Elsemi Olwage, with Sian Sullivan, Ute Dieckmann and Selma Lendelvo

Etosha-Kunene Histories: a weave of prior work

Entangled and contested pasts, lands and ‘natures’ in post-colonial Namibia 

Etosha Kunene Histories Special Report June 2022, ISBN: 978-1-911126-21-8

Executive Summary

AbstractThis report presents a weave of prior work produced by the principal investigators of the Etosha-Kunene Histories project, funded by the UK’s Arts and Humanities Research Council and the German Research Foundation. It brings together key points of convergence and thematic overlaps between their work and creates a generative and interdisciplinary dialogue on Etosha-Kunene’s complex and entangled pasts, lands and ‘natures’. Broadly speaking, this report explores the contributions of the three authors to understanding Etosha-Kunene’s overlapping colonial and social histories of settlement, land, conservation and indigeneity. In doing so it considers changing livelihoods and land-relations, and the diversity of resource use, management and knowledge practices which co-constitute the past and present of Etosha-Kunene’s ‘cultures’ and ‘natures’. The report thus reads across their work to provide insight into the historical processes, changing policy and legal mechanisms, and colonial and global discourses which have shaped Etosha-Kunene’s emerging socio-materialities, and contributed to hegemonic ways of imagining, valuing, and knowing ‘nature’. A focus here is on ‘African landscapes’ and dryland ecologies, and the ongoing and dialectical construction of cultural identities, ethnicity, and indigeneity.
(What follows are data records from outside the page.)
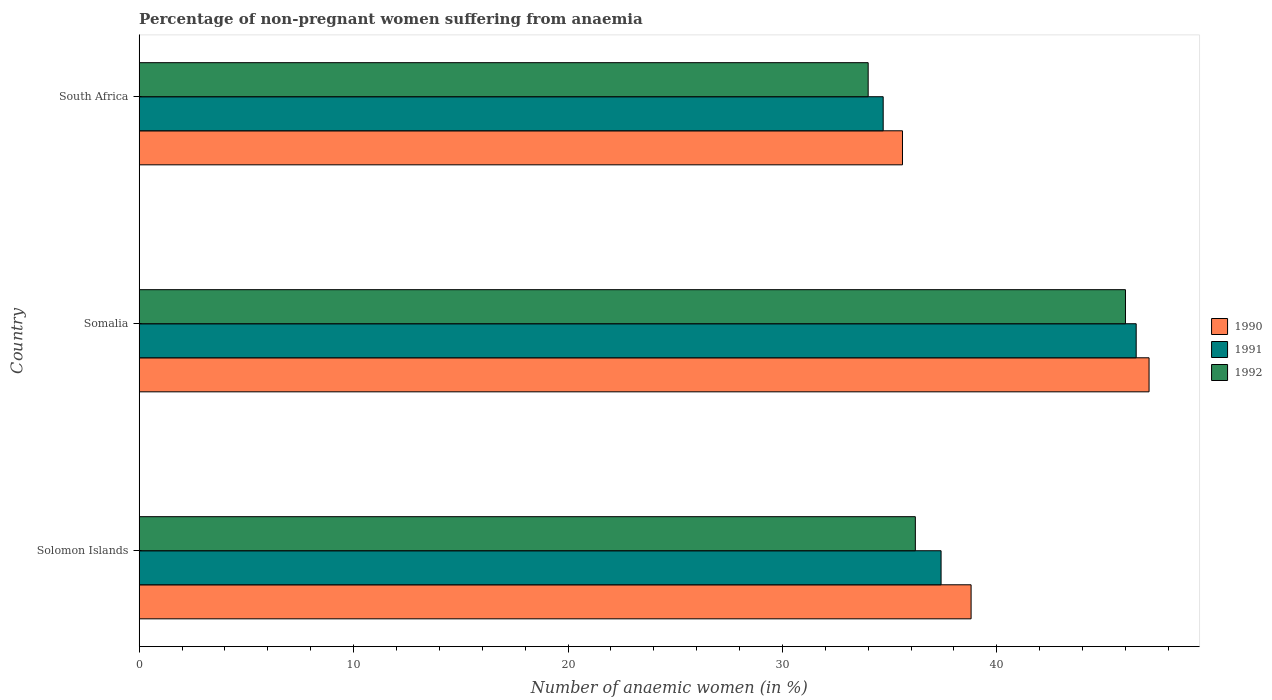How many groups of bars are there?
Provide a short and direct response. 3. Are the number of bars per tick equal to the number of legend labels?
Your answer should be compact. Yes. Are the number of bars on each tick of the Y-axis equal?
Give a very brief answer. Yes. What is the label of the 3rd group of bars from the top?
Provide a succinct answer. Solomon Islands. In how many cases, is the number of bars for a given country not equal to the number of legend labels?
Your answer should be compact. 0. What is the percentage of non-pregnant women suffering from anaemia in 1990 in Somalia?
Provide a short and direct response. 47.1. Across all countries, what is the maximum percentage of non-pregnant women suffering from anaemia in 1992?
Ensure brevity in your answer.  46. Across all countries, what is the minimum percentage of non-pregnant women suffering from anaemia in 1991?
Your answer should be very brief. 34.7. In which country was the percentage of non-pregnant women suffering from anaemia in 1991 maximum?
Your response must be concise. Somalia. In which country was the percentage of non-pregnant women suffering from anaemia in 1990 minimum?
Provide a succinct answer. South Africa. What is the total percentage of non-pregnant women suffering from anaemia in 1992 in the graph?
Ensure brevity in your answer.  116.2. What is the difference between the percentage of non-pregnant women suffering from anaemia in 1990 in Solomon Islands and that in South Africa?
Provide a short and direct response. 3.2. What is the difference between the percentage of non-pregnant women suffering from anaemia in 1991 in Solomon Islands and the percentage of non-pregnant women suffering from anaemia in 1990 in South Africa?
Provide a short and direct response. 1.8. What is the average percentage of non-pregnant women suffering from anaemia in 1992 per country?
Your answer should be very brief. 38.73. What is the difference between the percentage of non-pregnant women suffering from anaemia in 1992 and percentage of non-pregnant women suffering from anaemia in 1991 in Somalia?
Offer a very short reply. -0.5. In how many countries, is the percentage of non-pregnant women suffering from anaemia in 1990 greater than 38 %?
Provide a short and direct response. 2. What is the ratio of the percentage of non-pregnant women suffering from anaemia in 1992 in Solomon Islands to that in South Africa?
Offer a terse response. 1.06. Is the percentage of non-pregnant women suffering from anaemia in 1990 in Solomon Islands less than that in Somalia?
Offer a very short reply. Yes. Is the difference between the percentage of non-pregnant women suffering from anaemia in 1992 in Somalia and South Africa greater than the difference between the percentage of non-pregnant women suffering from anaemia in 1991 in Somalia and South Africa?
Your response must be concise. Yes. What is the difference between the highest and the second highest percentage of non-pregnant women suffering from anaemia in 1992?
Give a very brief answer. 9.8. What is the difference between the highest and the lowest percentage of non-pregnant women suffering from anaemia in 1992?
Ensure brevity in your answer.  12. What does the 2nd bar from the bottom in Solomon Islands represents?
Your answer should be very brief. 1991. Is it the case that in every country, the sum of the percentage of non-pregnant women suffering from anaemia in 1990 and percentage of non-pregnant women suffering from anaemia in 1992 is greater than the percentage of non-pregnant women suffering from anaemia in 1991?
Give a very brief answer. Yes. How many bars are there?
Provide a short and direct response. 9. Are all the bars in the graph horizontal?
Keep it short and to the point. Yes. What is the difference between two consecutive major ticks on the X-axis?
Keep it short and to the point. 10. Are the values on the major ticks of X-axis written in scientific E-notation?
Provide a succinct answer. No. Does the graph contain any zero values?
Provide a short and direct response. No. Does the graph contain grids?
Offer a very short reply. No. Where does the legend appear in the graph?
Provide a succinct answer. Center right. What is the title of the graph?
Your response must be concise. Percentage of non-pregnant women suffering from anaemia. Does "2005" appear as one of the legend labels in the graph?
Give a very brief answer. No. What is the label or title of the X-axis?
Offer a very short reply. Number of anaemic women (in %). What is the Number of anaemic women (in %) in 1990 in Solomon Islands?
Offer a terse response. 38.8. What is the Number of anaemic women (in %) of 1991 in Solomon Islands?
Keep it short and to the point. 37.4. What is the Number of anaemic women (in %) of 1992 in Solomon Islands?
Offer a very short reply. 36.2. What is the Number of anaemic women (in %) of 1990 in Somalia?
Give a very brief answer. 47.1. What is the Number of anaemic women (in %) of 1991 in Somalia?
Make the answer very short. 46.5. What is the Number of anaemic women (in %) in 1990 in South Africa?
Your response must be concise. 35.6. What is the Number of anaemic women (in %) of 1991 in South Africa?
Provide a succinct answer. 34.7. What is the Number of anaemic women (in %) in 1992 in South Africa?
Provide a short and direct response. 34. Across all countries, what is the maximum Number of anaemic women (in %) in 1990?
Provide a short and direct response. 47.1. Across all countries, what is the maximum Number of anaemic women (in %) in 1991?
Ensure brevity in your answer.  46.5. Across all countries, what is the maximum Number of anaemic women (in %) in 1992?
Your answer should be very brief. 46. Across all countries, what is the minimum Number of anaemic women (in %) in 1990?
Keep it short and to the point. 35.6. Across all countries, what is the minimum Number of anaemic women (in %) of 1991?
Provide a succinct answer. 34.7. Across all countries, what is the minimum Number of anaemic women (in %) in 1992?
Keep it short and to the point. 34. What is the total Number of anaemic women (in %) in 1990 in the graph?
Provide a succinct answer. 121.5. What is the total Number of anaemic women (in %) in 1991 in the graph?
Your answer should be very brief. 118.6. What is the total Number of anaemic women (in %) of 1992 in the graph?
Ensure brevity in your answer.  116.2. What is the difference between the Number of anaemic women (in %) in 1990 in Solomon Islands and that in Somalia?
Give a very brief answer. -8.3. What is the difference between the Number of anaemic women (in %) of 1991 in Solomon Islands and that in Somalia?
Offer a very short reply. -9.1. What is the difference between the Number of anaemic women (in %) of 1992 in Solomon Islands and that in Somalia?
Offer a terse response. -9.8. What is the difference between the Number of anaemic women (in %) of 1992 in Solomon Islands and that in South Africa?
Provide a succinct answer. 2.2. What is the difference between the Number of anaemic women (in %) of 1990 in Somalia and that in South Africa?
Provide a succinct answer. 11.5. What is the difference between the Number of anaemic women (in %) of 1991 in Somalia and that in South Africa?
Your answer should be very brief. 11.8. What is the difference between the Number of anaemic women (in %) in 1990 in Solomon Islands and the Number of anaemic women (in %) in 1992 in Somalia?
Give a very brief answer. -7.2. What is the difference between the Number of anaemic women (in %) in 1991 in Solomon Islands and the Number of anaemic women (in %) in 1992 in Somalia?
Offer a terse response. -8.6. What is the difference between the Number of anaemic women (in %) in 1990 in Solomon Islands and the Number of anaemic women (in %) in 1991 in South Africa?
Your answer should be very brief. 4.1. What is the difference between the Number of anaemic women (in %) of 1991 in Solomon Islands and the Number of anaemic women (in %) of 1992 in South Africa?
Your answer should be compact. 3.4. What is the difference between the Number of anaemic women (in %) of 1990 in Somalia and the Number of anaemic women (in %) of 1991 in South Africa?
Ensure brevity in your answer.  12.4. What is the difference between the Number of anaemic women (in %) in 1990 in Somalia and the Number of anaemic women (in %) in 1992 in South Africa?
Your answer should be compact. 13.1. What is the difference between the Number of anaemic women (in %) in 1991 in Somalia and the Number of anaemic women (in %) in 1992 in South Africa?
Ensure brevity in your answer.  12.5. What is the average Number of anaemic women (in %) in 1990 per country?
Offer a very short reply. 40.5. What is the average Number of anaemic women (in %) of 1991 per country?
Provide a short and direct response. 39.53. What is the average Number of anaemic women (in %) in 1992 per country?
Offer a very short reply. 38.73. What is the difference between the Number of anaemic women (in %) in 1990 and Number of anaemic women (in %) in 1991 in Solomon Islands?
Provide a succinct answer. 1.4. What is the difference between the Number of anaemic women (in %) in 1991 and Number of anaemic women (in %) in 1992 in Solomon Islands?
Your response must be concise. 1.2. What is the difference between the Number of anaemic women (in %) of 1990 and Number of anaemic women (in %) of 1991 in Somalia?
Provide a succinct answer. 0.6. What is the difference between the Number of anaemic women (in %) in 1991 and Number of anaemic women (in %) in 1992 in Somalia?
Your response must be concise. 0.5. What is the difference between the Number of anaemic women (in %) in 1990 and Number of anaemic women (in %) in 1992 in South Africa?
Provide a short and direct response. 1.6. What is the difference between the Number of anaemic women (in %) of 1991 and Number of anaemic women (in %) of 1992 in South Africa?
Offer a very short reply. 0.7. What is the ratio of the Number of anaemic women (in %) in 1990 in Solomon Islands to that in Somalia?
Your answer should be compact. 0.82. What is the ratio of the Number of anaemic women (in %) in 1991 in Solomon Islands to that in Somalia?
Offer a very short reply. 0.8. What is the ratio of the Number of anaemic women (in %) in 1992 in Solomon Islands to that in Somalia?
Offer a terse response. 0.79. What is the ratio of the Number of anaemic women (in %) of 1990 in Solomon Islands to that in South Africa?
Your answer should be compact. 1.09. What is the ratio of the Number of anaemic women (in %) in 1991 in Solomon Islands to that in South Africa?
Ensure brevity in your answer.  1.08. What is the ratio of the Number of anaemic women (in %) in 1992 in Solomon Islands to that in South Africa?
Make the answer very short. 1.06. What is the ratio of the Number of anaemic women (in %) in 1990 in Somalia to that in South Africa?
Offer a terse response. 1.32. What is the ratio of the Number of anaemic women (in %) of 1991 in Somalia to that in South Africa?
Give a very brief answer. 1.34. What is the ratio of the Number of anaemic women (in %) of 1992 in Somalia to that in South Africa?
Your answer should be very brief. 1.35. What is the difference between the highest and the second highest Number of anaemic women (in %) of 1991?
Your answer should be compact. 9.1. What is the difference between the highest and the second highest Number of anaemic women (in %) of 1992?
Ensure brevity in your answer.  9.8. What is the difference between the highest and the lowest Number of anaemic women (in %) in 1990?
Your response must be concise. 11.5. What is the difference between the highest and the lowest Number of anaemic women (in %) of 1992?
Your answer should be compact. 12.

Their work argues for learning from locally-rooted and culturally-inflected land-relations, diverse tenure institutions, and indigenous and gendered knowledge systems and values: both for conservation praxis and for informing environmental and land management debates. Lastly, the report explores their contribution to decolonising environmental knowledge and heritage management practices through an ongoing engagement with and mapping of what is termed ‘relational ontologies’ and occluded social and cultural landscape histories.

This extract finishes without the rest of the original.